The input Start Marker

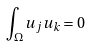<formula> <loc_0><loc_0><loc_500><loc_500>\int _ { \Omega } u _ { j } u _ { k } = 0</formula> 
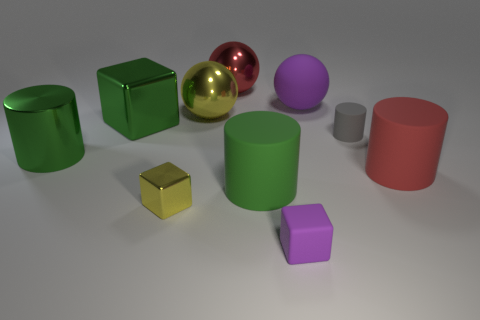There is a object that is the same color as the big matte ball; what is its size?
Ensure brevity in your answer.  Small. Is there a big rubber thing that has the same color as the tiny rubber cube?
Your answer should be compact. Yes. There is a large shiny cylinder; does it have the same color as the large rubber cylinder that is in front of the red matte object?
Offer a terse response. Yes. Does the metal ball on the left side of the red metal object have the same color as the small metallic thing?
Provide a succinct answer. Yes. How many other objects are the same shape as the large green matte thing?
Your answer should be very brief. 3. What shape is the big metallic thing behind the purple thing behind the small thing to the right of the purple matte block?
Provide a short and direct response. Sphere. What number of balls are big brown metal things or large yellow shiny things?
Keep it short and to the point. 1. There is a large red object in front of the gray cylinder; is there a big red matte cylinder behind it?
Make the answer very short. No. Do the big purple object and the small object on the left side of the red metallic object have the same shape?
Provide a short and direct response. No. How many other things are the same size as the green matte thing?
Your response must be concise. 6. 
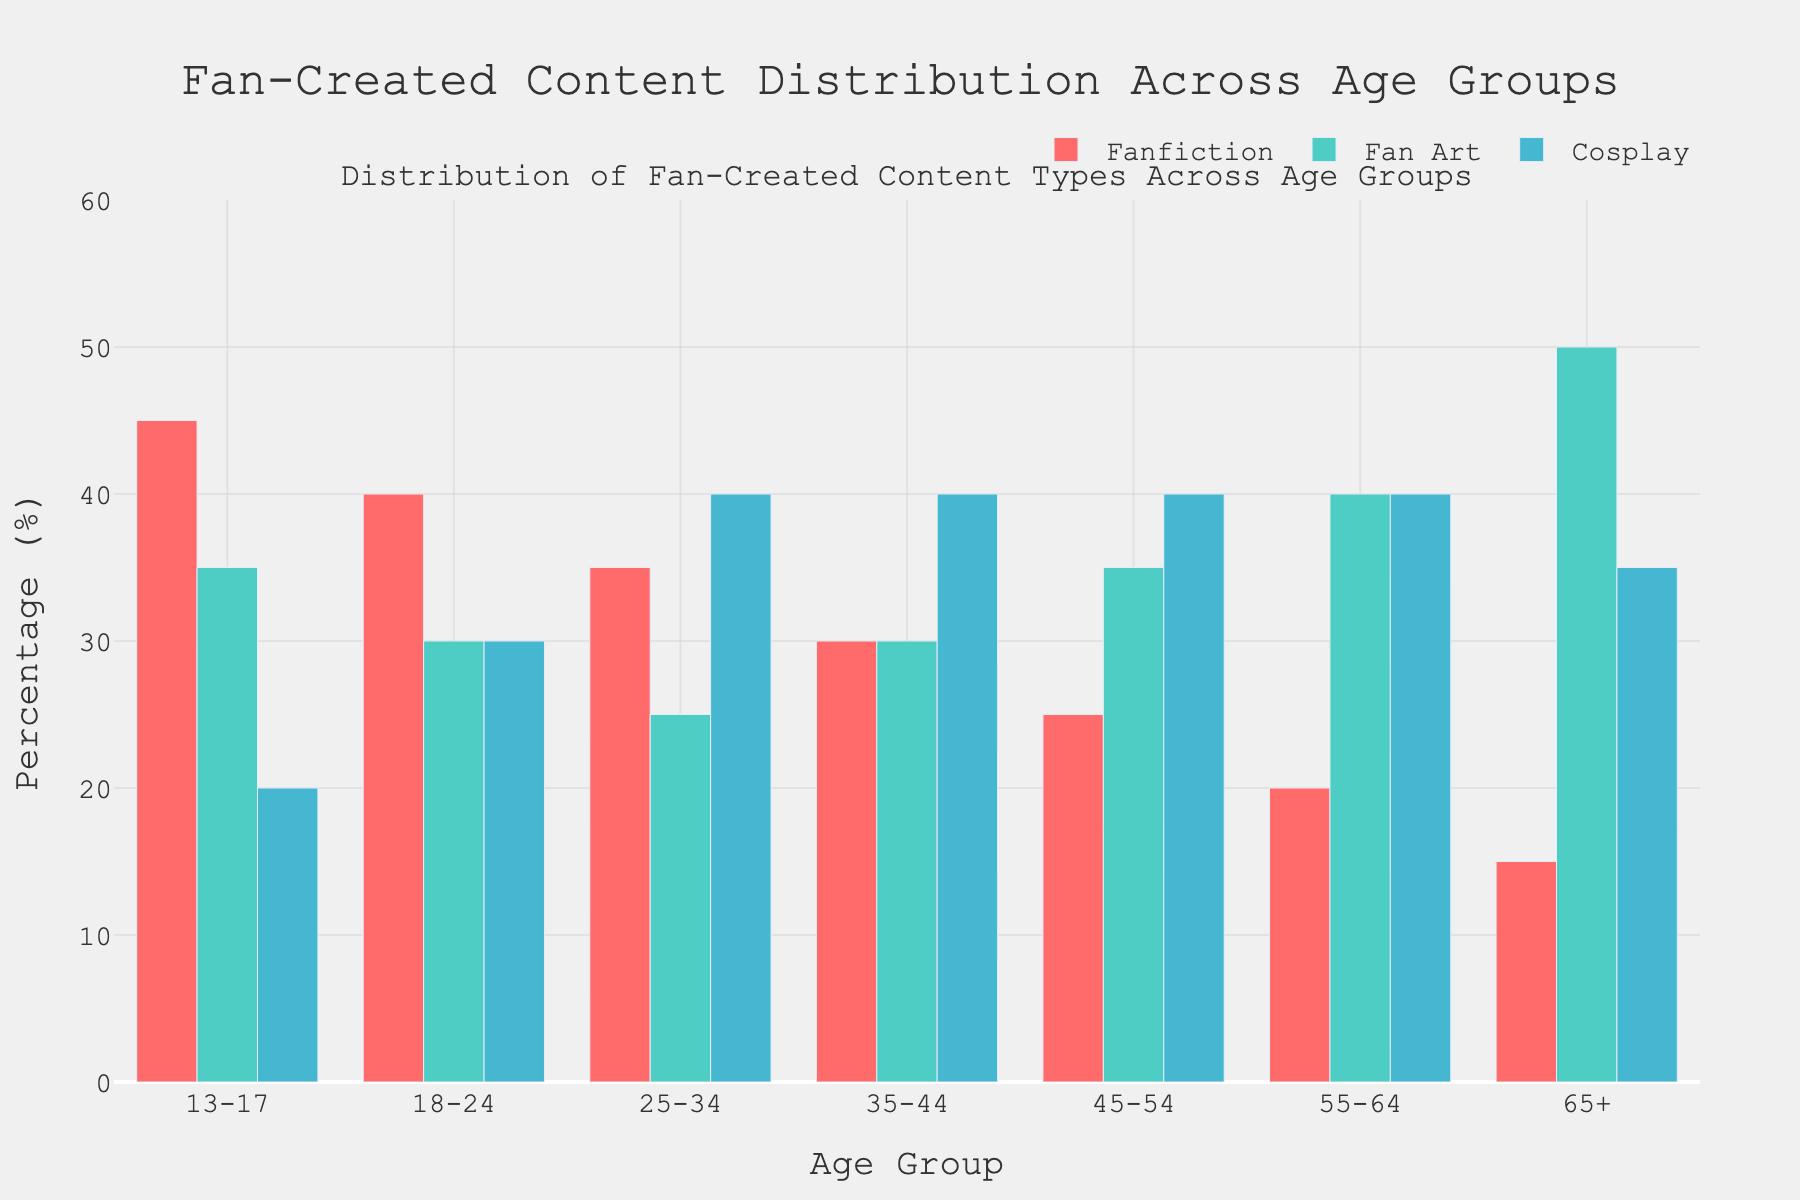What is the age group with the highest percentage of fanfiction creation? By looking at the height of the red bars (representing fanfiction) across the different age groups, the tallest red bar is within the "13-17" age group.
Answer: 13-17 Which content type is most popular among the 55-64 age group? Compare the heights of the three bars for the age group "55-64." The highest bar, which is blue, indicates that cosplay is the most popular.
Answer: Cosplay Are there any age groups where fan art is more popular than fanfiction? By comparing the green and red bars for each age group, fan art is more popular than fanfiction in the "55-64" and "65+" age groups.
Answer: Yes Which age group shows an equal percentage for fanfiction and fan art? Compare the heights of the corresponding red and green bars. In the "35-44" age group, both bars have the same height (30%).
Answer: 35-44 What is the second most popular content type for the 18-24 age group? For the age group "18-24," sort the bars (red, green, blue) by height. The second tallest bar is green, which represents fan art.
Answer: Fan Art What is the percentage difference in fanfiction creation between the 13-17 and 65+ age groups? Subtract the percentage of the 65+ age group from the 13-17 age group (45% - 15%).
Answer: 30% Does the 25-34 age group have a higher percentage of cosplay than fanfiction and fan art combined? Sum the percentages of fanfiction and fan art for the 25-34 age group (35% + 25% = 60%). Compare this sum to the percentage for cosplay (40%). Since 60% > 40%, the combined percentage is higher.
Answer: No Which age group has the highest percentage for fan art creation? By examining the height of the green bars, the tallest green bar is in the "65+" age group.
Answer: 65+ Is fanfiction ever the most popular content type in any age group? By observing the tallest bar among the red, green, and blue bars for each age group, the only age group where fanfiction is the tallest bar is the "13-17" age group.
Answer: Yes How many age groups have at least 40% in cosplay creation? Look at the blue bars and count those which are at least 40%. The age groups "25-34," "35-44," "45-54," and "55-64" meet this criterion.
Answer: 4

The input End Marker

• [Assigned task]:
Reproduce only the lines above, starting at the line with "Answer: 35-44 What" and ending at the line with "Answer: No Which", exactly as written.

• [Result of this exercise]:
Answer: 35-44 What is the second most popular content type for the 18-24 age group? For the age group "18-24," sort the bars (red, green, blue) by height. The second tallest bar is green, which represents fan art.
Answer: Fan Art What is the percentage difference in fanfiction creation between the 13-17 and 65+ age groups? Subtract the percentage of the 65+ age group from the 13-17 age group (45% - 15%).
Answer: 30% Does the 25-34 age group have a higher percentage of cosplay than fanfiction and fan art combined? Sum the percentages of fanfiction and fan art for the 25-34 age group (35% + 25% = 60%). Compare this sum to the percentage for cosplay (40%). Since 60% > 40%, the combined percentage is higher.
Answer: No Which age group has the highest percentage for fan art creation? By examining the height of the green bars, the tallest green bar is in the "65+" age group.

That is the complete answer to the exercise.